Though our corn forecast was a success with customers, it was usually just the beginning of the conversation. Corn is a known quantity in the United States and customers wanted to know if we could use the same system we used to build our corn model to look at other crops and other geographies. Also, most of these customers wanted to unlock the power of the data that they’d been collecting over the years and was simply collecting dust in a server somewhere.

This made us realize it wasn’t our corn model that was special, but rather our infrastructure. Much like Google has created a data refinery for web data and GE has created a data refinery for industrial data with Predix, Descartes Labs is focusing on a data refinery about the physical world, starting with satellite imagery.

A data refinery is a system that pulls in raw data, cleans it up, fuses data from disparate sources, and adds tools on top of it for easier analysis.

One of the hallmarks of a data refinery is data cleanup. The team at Descartes Labs spends an inordinate amount of time on the remote sensing science that enables complex models to be accurate. We’ve been working on coregistration of pixels (making sure every pixel is in the proper place), global surface reflectance (correcting for the effects of the atmosphere) and advanced cloud detection (ensure models only incorporate the best pixels).

But, even more important than data cleanup is data fusion. Every data set has unique qualities: finer spatial resolution, pictures with greater frequency, seeing through clouds, and even listening to radio frequency signals or measuring heat. In working on customer problems, one of the things we’ve uncovered is that it’s rarely a single satellite or dataset alone that will solve the problem. Only by turning different datasets into a fused sensor, a super-sensor, are we able to solve the problem.

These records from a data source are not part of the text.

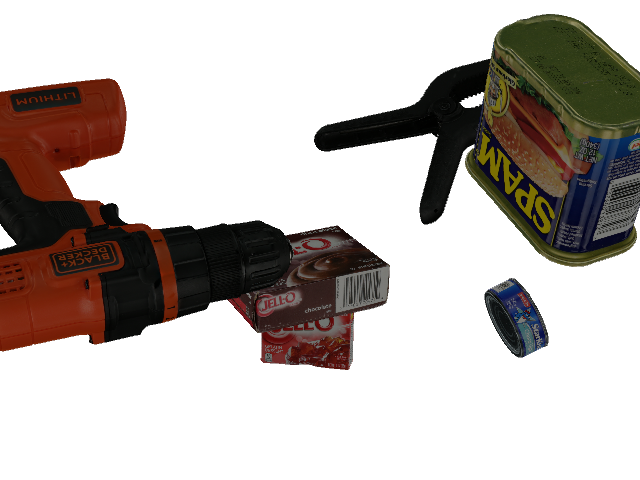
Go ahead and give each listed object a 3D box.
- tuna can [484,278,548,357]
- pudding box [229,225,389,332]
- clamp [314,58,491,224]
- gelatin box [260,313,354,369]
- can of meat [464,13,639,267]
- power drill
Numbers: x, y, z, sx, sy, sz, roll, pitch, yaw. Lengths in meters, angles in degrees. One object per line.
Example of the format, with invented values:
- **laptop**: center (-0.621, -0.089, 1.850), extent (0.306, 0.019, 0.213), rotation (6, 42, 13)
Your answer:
- **tuna can**: center (0.219, 0.087, 1.197), extent (0.033, 0.086, 0.086), rotation (-26, 3, -7)
- **pudding box**: center (-0.016, 0.027, 0.822), extent (0.113, 0.039, 0.090), rotation (-9, 25, -24)
- **clamp**: center (0.120, -0.103, 0.986), extent (0.209, 0.036, 0.165), rotation (-31, 48, -13)
- **gelatin box**: center (-0.013, 0.083, 1.031), extent (0.089, 0.073, 0.030), rotation (4, 15, 10)
- **can of meat**: center (0.121, -0.052, 0.535), extent (0.057, 0.084, 0.102), rotation (-16, 46, -20)
- **power drill**: center (-0.128, -0.022, 0.628), extent (0.184, 0.057, 0.188), rotation (-10, 43, -21)

Finally, we’re building a series of data tools to make it easier for data scientists to access and manipulate huge numbers of pixels. Already we’ve made it easy to search through our archive and return pixels in under 100 milliseconds. We’ll continue to create software that makes satellite data accessible to all data scientists, not just those with PhDs in remote sensing.

By building a data refinery, Descartes Labs is different from a pure analytics company and different from satellite providers. We believe that there will continue to be huge investment in satellites and innovation on hardware — all of which will produce more datasets with hidden insights to be discovered. We expect to see the emergence of numerous analysis companies, using satellite data in unique ways for consumers, corporations, and governments. In the future, our data refinery will collect all of the imagery generated by satellites, normalize it across all of the different sensors, and present science-ready data, freeing developers to focus on advancing science using satellite imagery instead of wasting time collecting and cleaning data.

But, our vision doesn’t end with building a data refinery for satellite imagery. There are other large datasets that are necessary if you want to build complex models of agriculture, shipping & logistics, forestry, energy infrastructure, and human activity. Weather, drones, IoT, even geo-located social media are all useful types of data to use in creating accurate models of activity here on planet Earth.

The first version of this data refinery, the Descartes Labs Platform, is available now. Developers and university researchers have been exploring Earth under our platform beta, and we’ve been directly assisting commercial customers to better understand their businesses and supply chains. Whether you’re a researcher interested in using satellite data to further your science, or a company interested in unlocking understanding of your supply chain through satellite data, talk with us — we’re looking for interesting problems to solve.

Celebrating a venture raise isn’t what really matters, it’s what you do with the money that’s important. We’ll keep you posted as we evolve our data refinery, solve more wickedly-hard science problems, and unlock the value of satellite data to better understand this beautiful planet we live on.